Leveraging public mass spectrometry for molecular discovery from millions of mass spectra

Despite an explosion of publicly available data in mass spectrometry repositories, mass spectra are typically still analyzed by each laboratory in isolation, treating each experiment as if it has no relationship to any others. This approach fails to exploit the wealth of existing, previously analyzed mass spectrometry data. Here I will present two approaches that harness repository-scale public mass spectrometry data to achieve a deeper understanding of the molecular composition of complex biological samples.

First, I will describe a deep neural network approach, called "GLEAMS," which learns to embed spectra across an entire data repository into a low-dimensional space such that spectra generated by the same peptide are close to one another.
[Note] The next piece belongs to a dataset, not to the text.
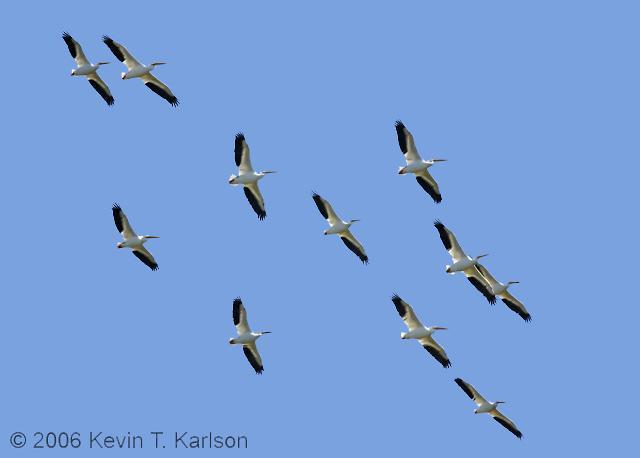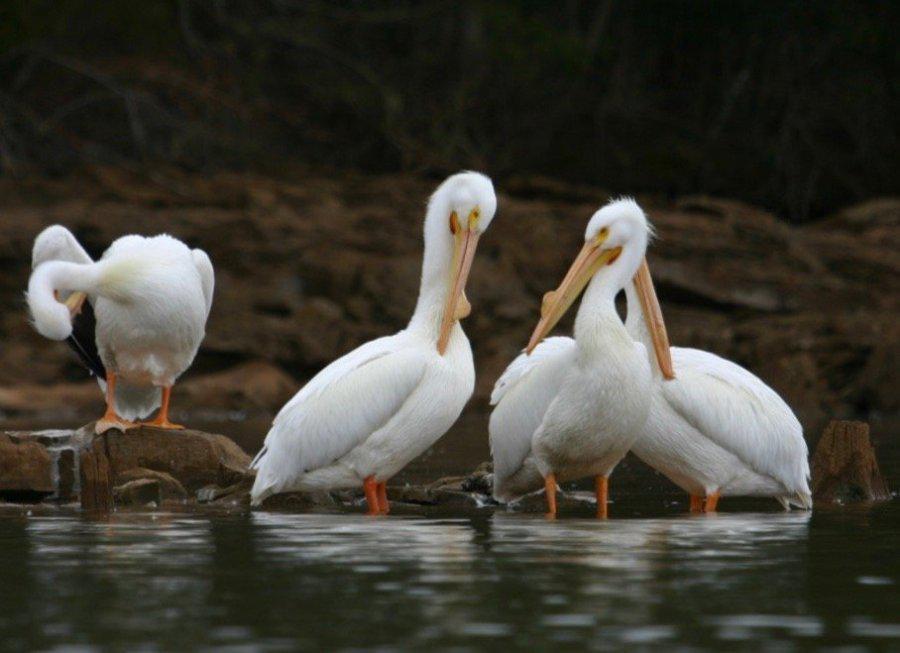The first image is the image on the left, the second image is the image on the right. For the images shown, is this caption "Some of the birds are standing in the water." true? Answer yes or no. Yes. The first image is the image on the left, the second image is the image on the right. Examine the images to the left and right. Is the description "Multiple birds are in flight in one image." accurate? Answer yes or no. Yes.

This learned embedding captures latent properties of the spectra, and the low-dimensional space can be used for the efficient clustering and identification of hundreds of millions of spectra. We have used GLEAMS to process 31TB of human proteomics data belonging to the MassIVE Knowledge Base dataset, corresponding to 666 million spectra derived from 220 publicly available experiments. Using GLEAMS, we were able to investigate the "dark matter" of the human proteome by propagating peptide labels within high-quality clusters and open modification searching to annotate 73% additional mass spectra compared to the state of the art.
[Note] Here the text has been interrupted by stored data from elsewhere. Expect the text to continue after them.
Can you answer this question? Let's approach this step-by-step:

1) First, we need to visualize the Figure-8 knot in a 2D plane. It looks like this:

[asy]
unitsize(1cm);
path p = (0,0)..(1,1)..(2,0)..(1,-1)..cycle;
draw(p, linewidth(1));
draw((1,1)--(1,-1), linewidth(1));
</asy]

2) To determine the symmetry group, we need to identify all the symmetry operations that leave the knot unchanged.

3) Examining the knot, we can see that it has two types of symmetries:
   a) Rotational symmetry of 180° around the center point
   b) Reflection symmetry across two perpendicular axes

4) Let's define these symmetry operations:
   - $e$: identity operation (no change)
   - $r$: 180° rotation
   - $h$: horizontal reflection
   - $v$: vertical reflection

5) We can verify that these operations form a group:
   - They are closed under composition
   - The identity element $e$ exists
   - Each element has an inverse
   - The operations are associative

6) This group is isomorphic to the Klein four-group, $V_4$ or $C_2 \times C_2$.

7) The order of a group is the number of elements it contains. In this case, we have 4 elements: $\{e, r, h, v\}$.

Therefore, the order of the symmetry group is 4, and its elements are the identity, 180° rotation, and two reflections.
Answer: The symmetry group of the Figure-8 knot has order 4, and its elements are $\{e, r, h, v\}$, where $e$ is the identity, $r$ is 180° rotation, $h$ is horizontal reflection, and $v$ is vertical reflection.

Second, I will present the "nearest neighbor suspect spectral library" that can be used to identify molecules that are structurally related to previously known reference molecules. Based on spectral similarity, information can be propagated to neighboring mass spectra in a molecular network to increase the spectrum annotation rate. We have propagated annotations from molecular networks associated with 521 million mass spectra from 1335 compatible untargeted metabolomics datasets in various metabolomics data repositories, including GNPS/MassIVE, Metabolights, and Metabolomics Workbench, to create the GNPS nearest neighbor suspect spectral library. It consists of 87,916 novel reference spectra corresponding to modified molecules that are structurally related to known reference molecules. Using the suspect library for spectral library searching increases the spectrum annotation rate 2-fold on average, considerably boosting the interpretation rate of untargeted metabolomics beyond the state of the art.

In conclusion, these two powerful computational approaches highlight the enormous value of open data, and provide significant breakthroughs in deriving biological insights from mass spectrometry proteomics and metabolomics experiments.